Assignment:
With pictures omitted, copy exactly every line from the one that contains "4. Pop-Tarts box (967, 360, 1279, 524)" to the end of the listing below.

Supplied data:
● ● ●

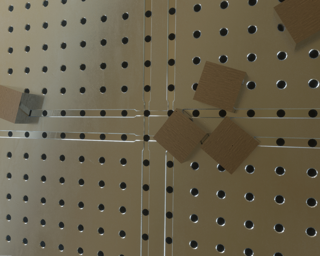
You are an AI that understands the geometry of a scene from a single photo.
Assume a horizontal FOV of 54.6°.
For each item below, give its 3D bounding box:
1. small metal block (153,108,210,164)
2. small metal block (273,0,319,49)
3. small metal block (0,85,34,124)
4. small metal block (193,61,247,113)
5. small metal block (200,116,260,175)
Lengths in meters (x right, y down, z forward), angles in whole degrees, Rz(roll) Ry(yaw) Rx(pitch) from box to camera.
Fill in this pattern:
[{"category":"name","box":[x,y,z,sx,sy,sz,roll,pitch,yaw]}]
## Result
[{"category":"small metal block","box":[0.028,0.010,0.403,0.050,0.025,0.050,42,103,15]},{"category":"small metal block","box":[0.166,-0.128,0.354,0.050,0.025,0.050,-30,80,17]},{"category":"small metal block","box":[-0.236,-0.038,0.497,0.050,0.025,0.050,19,96,19]},{"category":"small metal block","box":[0.075,-0.051,0.386,0.050,0.025,0.050,21,97,18]},{"category":"small metal block","box":[0.087,0.021,0.382,0.050,0.025,0.050,42,103,15]}]
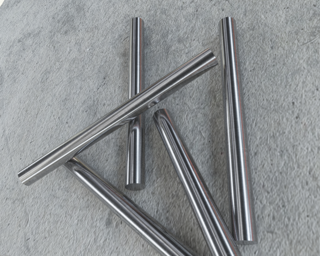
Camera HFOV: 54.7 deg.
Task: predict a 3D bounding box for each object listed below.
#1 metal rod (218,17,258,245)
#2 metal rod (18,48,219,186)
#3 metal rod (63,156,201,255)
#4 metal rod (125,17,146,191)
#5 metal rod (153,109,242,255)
[{"bbox_3d":[0.088,-0.020,0.369,0.025,0.025,0.299,-10,57,23],"label":"metal rod"},{"bbox_3d":[-0.059,-0.011,0.408,0.300,0.025,0.025,-32,52,7],"label":"metal rod"},{"bbox_3d":[-0.037,0.097,0.363,0.300,0.025,0.025,29,78,37],"label":"metal rod"},{"bbox_3d":[-0.035,-0.055,0.455,0.025,0.025,0.299,-15,55,20],"label":"metal rod"},{"bbox_3d":[0.046,0.084,0.311,0.025,0.025,0.300,-31,46,8],"label":"metal rod"}]
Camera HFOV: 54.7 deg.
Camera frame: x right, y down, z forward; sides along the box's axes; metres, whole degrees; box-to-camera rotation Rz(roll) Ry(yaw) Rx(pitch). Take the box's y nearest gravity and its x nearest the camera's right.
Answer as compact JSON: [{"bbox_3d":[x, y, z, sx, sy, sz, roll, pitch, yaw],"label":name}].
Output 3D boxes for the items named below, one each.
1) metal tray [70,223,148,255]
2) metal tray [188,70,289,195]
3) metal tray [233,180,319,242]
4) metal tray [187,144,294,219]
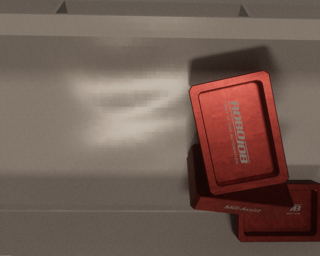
[{"bbox_3d":[-0.100,0.237,0.609,0.131,0.030,0.089,19,128,-16],"label":"metal tray"},{"bbox_3d":[0.090,0.006,0.364,0.090,0.030,0.129,-12,94,6],"label":"metal tray"},{"bbox_3d":[0.184,0.129,0.485,0.131,0.030,0.089,0,91,-1],"label":"metal tray"},{"bbox_3d":[0.106,0.072,0.428,0.131,0.090,0.030,8,133,-8],"label":"metal tray"}]
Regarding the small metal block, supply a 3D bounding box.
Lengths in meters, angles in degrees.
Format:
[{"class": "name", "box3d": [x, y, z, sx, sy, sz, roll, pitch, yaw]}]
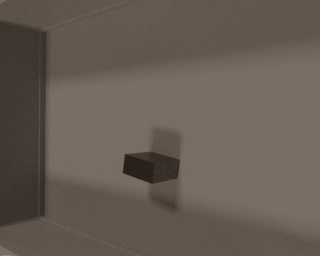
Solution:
[{"class": "small metal block", "box3d": [-0.011, 0.049, 0.398, 0.050, 0.050, 0.025, 12, 98, 39]}]
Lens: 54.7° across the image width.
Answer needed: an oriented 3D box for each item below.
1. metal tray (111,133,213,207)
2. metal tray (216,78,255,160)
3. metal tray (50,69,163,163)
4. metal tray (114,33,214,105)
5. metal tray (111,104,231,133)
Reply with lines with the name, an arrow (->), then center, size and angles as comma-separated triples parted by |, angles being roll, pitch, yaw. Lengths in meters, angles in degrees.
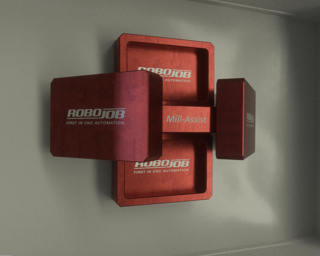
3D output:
metal tray -> 0.004, 0.050, 0.406 | 0.131, 0.030, 0.089 | 0, 90, -21
metal tray -> 0.100, -0.009, 0.397 | 0.030, 0.130, 0.089 | 1, 90, 22
metal tray -> -0.062, -0.012, 0.337 | 0.030, 0.130, 0.089 | 1, 89, -62
metal tray -> 0.007, -0.070, 0.408 | 0.131, 0.030, 0.089 | 0, 91, -21
metal tray -> 0.013, -0.010, 0.379 | 0.131, 0.090, 0.030 | 0, 90, -21
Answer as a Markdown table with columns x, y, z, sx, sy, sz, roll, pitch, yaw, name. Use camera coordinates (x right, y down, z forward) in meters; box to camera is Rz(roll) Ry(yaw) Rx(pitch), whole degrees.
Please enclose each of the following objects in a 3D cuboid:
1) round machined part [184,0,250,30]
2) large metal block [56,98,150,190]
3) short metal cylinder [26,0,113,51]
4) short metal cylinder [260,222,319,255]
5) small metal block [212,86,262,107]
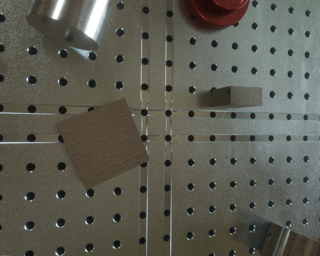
| x | y | z | sx | sy | sz | roll | pitch | yaw | name |
| --- | --- | --- | --- | --- | --- | --- | --- | --- | --- |
| 0.086 | -0.192 | 0.435 | 0.099 | 0.042 | 0.097 | 0 | 90 | -20 | round machined part |
| -0.070 | 0.017 | 0.374 | 0.081 | 0.050 | 0.080 | -24 | 98 | -18 | large metal block |
| -0.100 | -0.128 | 0.346 | 0.080 | 0.080 | 0.050 | 20 | 84 | -19 | short metal cylinder |
| 0.195 | 0.178 | 0.455 | 0.080 | 0.080 | 0.050 | 25 | 82 | -18 | short metal cylinder |
| 0.108 | -0.043 | 0.439 | 0.050 | 0.050 | 0.025 | 0 | 90 | -20 | small metal block |
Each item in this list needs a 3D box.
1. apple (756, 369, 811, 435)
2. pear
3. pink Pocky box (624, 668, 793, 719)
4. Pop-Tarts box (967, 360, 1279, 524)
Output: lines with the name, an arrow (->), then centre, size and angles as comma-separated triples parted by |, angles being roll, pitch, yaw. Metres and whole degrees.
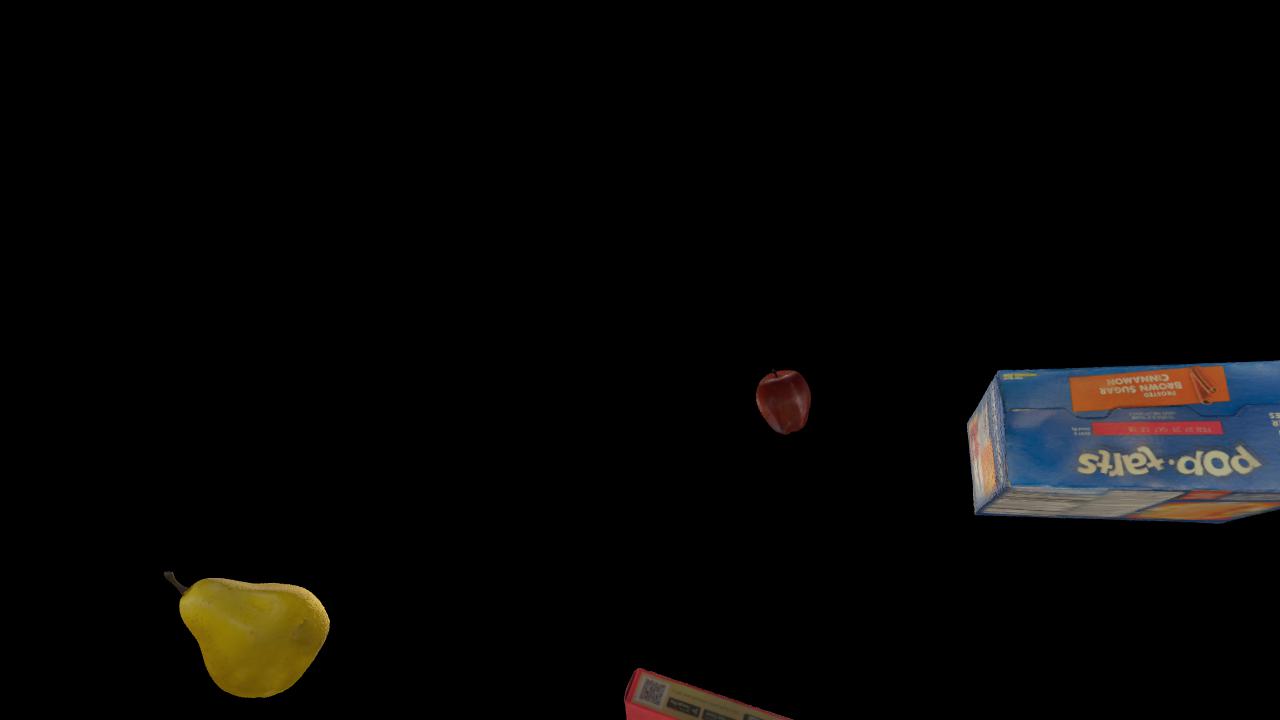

● ● ●

Task answer:
4. Pop-Tarts box (967, 360, 1279, 524)
Output: lines with the name, an arrow (->), then centre, size and angles as comma-separated triples parted by |, angles being roll, pitch, yaw. Metres and whole degrees.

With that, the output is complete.